> Prompt:
Every record that follows should be written out word for word; the pictures stay out.

> Exercise inputs:
::::::::

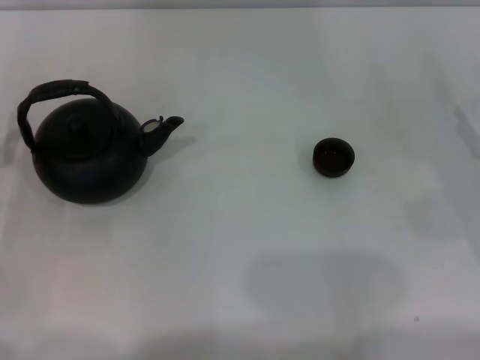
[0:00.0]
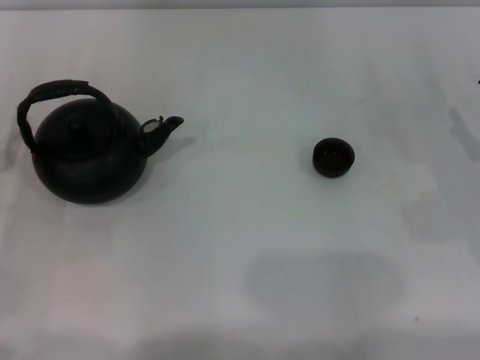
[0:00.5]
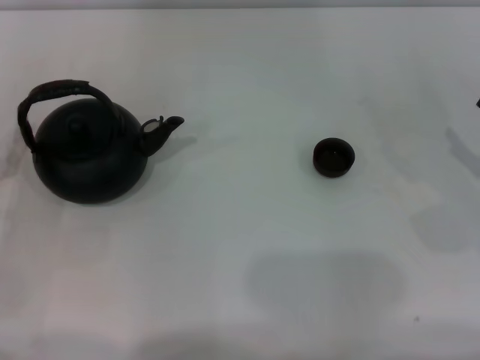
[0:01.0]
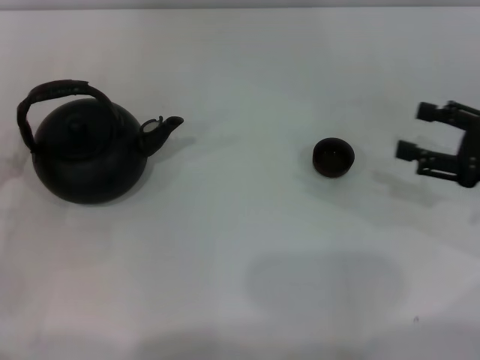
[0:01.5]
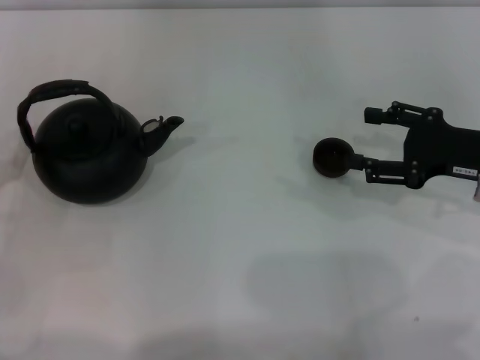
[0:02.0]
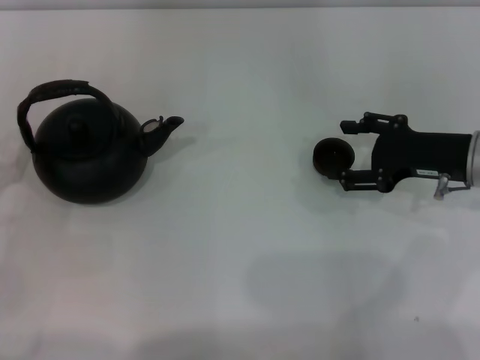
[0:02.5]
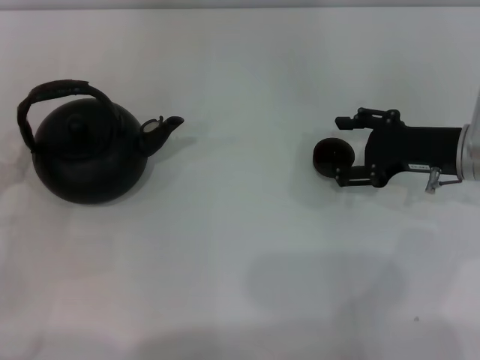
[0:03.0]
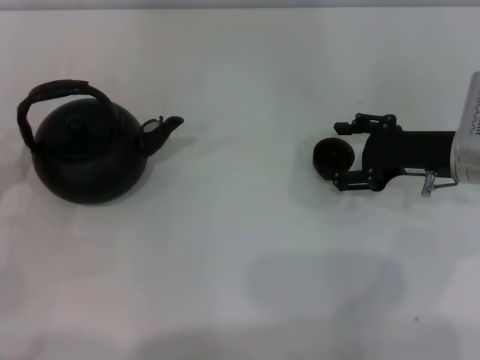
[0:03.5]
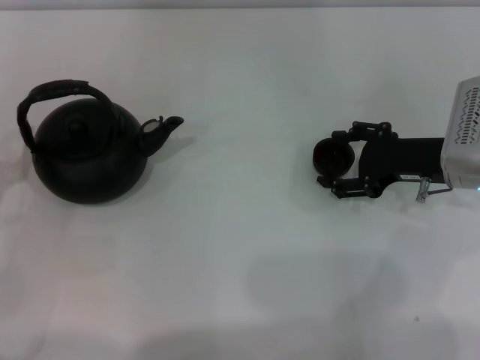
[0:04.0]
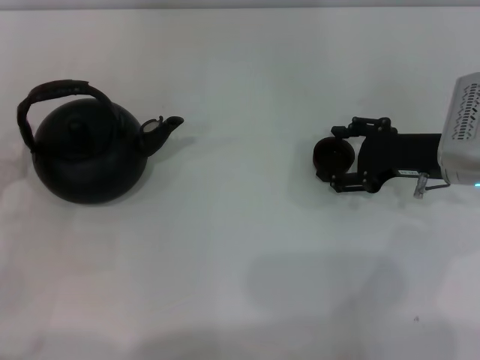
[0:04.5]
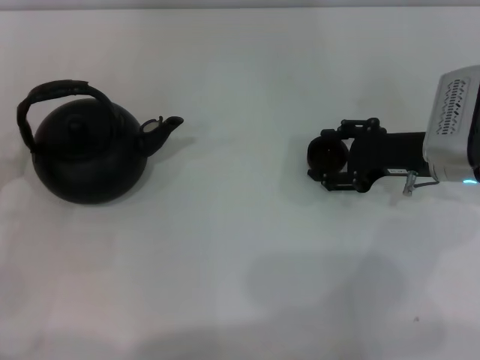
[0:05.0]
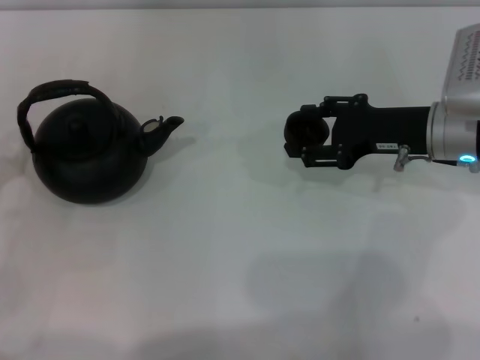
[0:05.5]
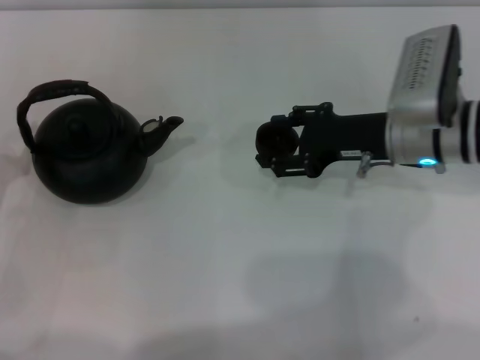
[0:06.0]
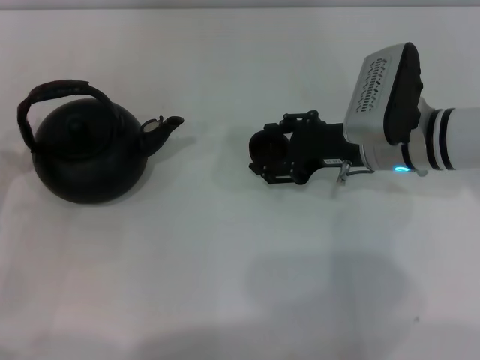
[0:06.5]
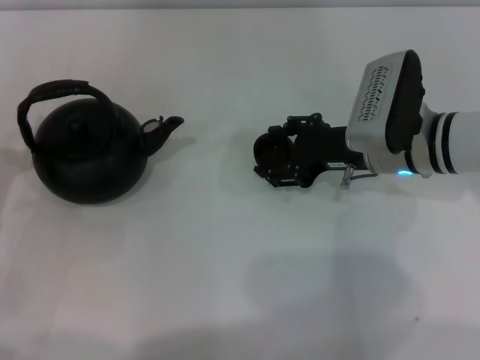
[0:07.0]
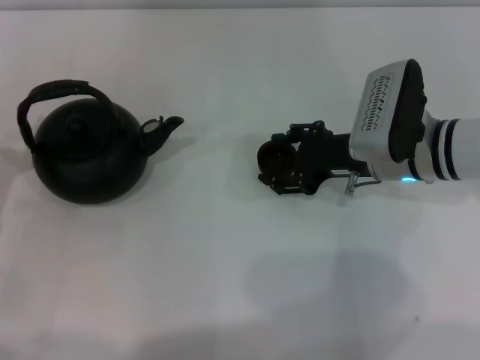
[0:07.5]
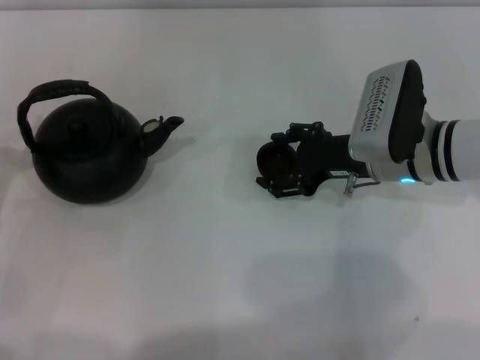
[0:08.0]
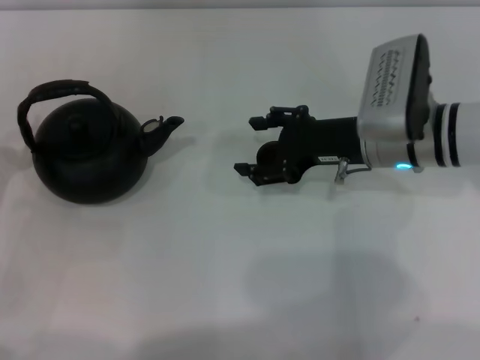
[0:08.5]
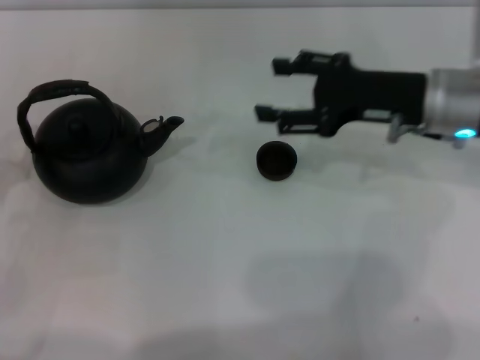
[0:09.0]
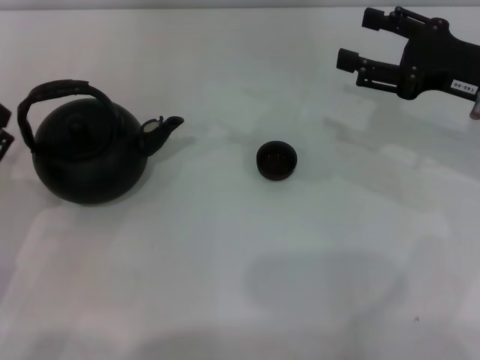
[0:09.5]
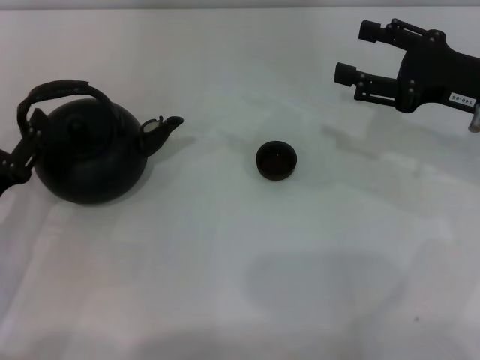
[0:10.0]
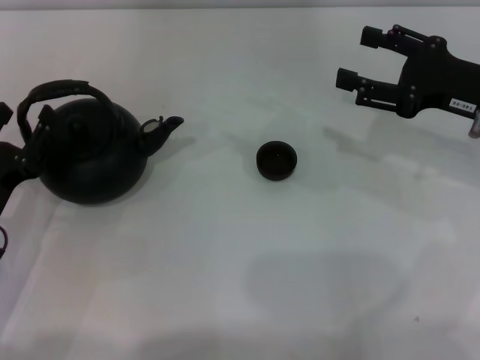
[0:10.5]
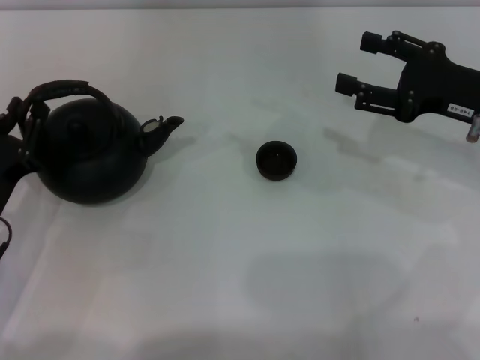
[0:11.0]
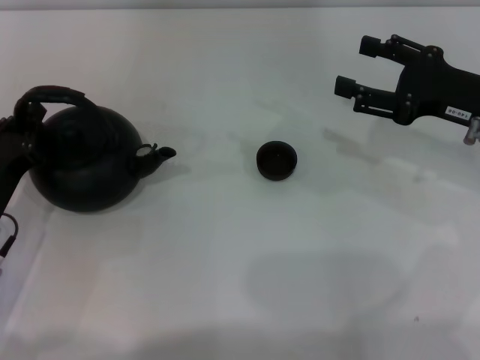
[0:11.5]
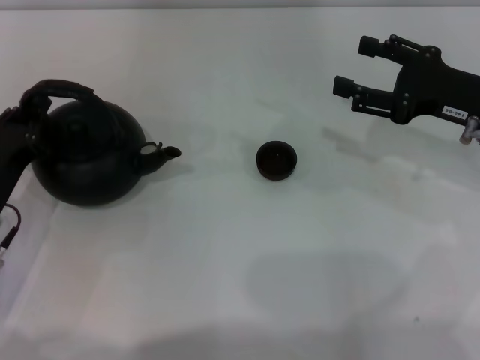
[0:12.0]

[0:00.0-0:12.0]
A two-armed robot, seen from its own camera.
Task of the whole recording: Grasp the handle of the teapot with one hand and pour tea into the teacup.
Step, 0:00.0 to 0:05.0: Pick up the teacup with the right gripper.
Step, 0:06.0 to 0:08.5: Place the teacup in the center of view with the right gripper.
0:00.0 to 0:02.0: The right gripper travels to the left by roughly 5 cm.
0:02.0 to 0:04.0: The right gripper changes place by roughly 5 cm.
0:04.0 to 0:06.0: The right gripper is displaced to the left by approximately 5 cm.
0:06.0 to 0:08.0: The grippers make only small movements.
0:08.0 to 0:10.0: The right gripper is displaced to the right and upward by about 10 cm.
0:10.0 to 0:12.0: The left gripper closes its fingers.

::::::::

> Solution for this problem:
[0:00.0]
[0:00.5]
[0:01.0]
[0:01.5]
[0:02.0]
[0:02.5]
[0:03.0]
[0:03.5]
[0:04.0]
[0:04.5]
[0:05.0]
[0:05.5]
[0:06.0]
[0:06.5]
[0:07.0]
[0:07.5]
[0:08.0]
[0:08.5]
[0:09.0]
[0:09.5]
[0:10.0]
[0:10.5]
[0:11.0]
[0:11.5]
[0:12.0]

[0:00.0-0:12.0]
A two-armed robot, seen from its own camera.
Task of the whole recording: Grasp the handle of the teapot with one hand and pour tea into the teacup.
Step, 0:00.0 to 0:05.0: Pick up the teacup with the right gripper.
Step, 0:06.0 to 0:08.5: Place the teacup in the center of view with the right gripper.
0:00.0 to 0:02.0: The right gripper travels to the left by roughly 5 cm.
0:02.0 to 0:04.0: The right gripper changes place by roughly 5 cm.
0:04.0 to 0:06.0: The right gripper is displaced to the left by approximately 5 cm.
0:06.0 to 0:08.0: The grippers make only small movements.
0:08.0 to 0:10.0: The right gripper is displaced to the right and upward by about 10 cm.
0:10.0 to 0:12.0: The left gripper closes its fingers.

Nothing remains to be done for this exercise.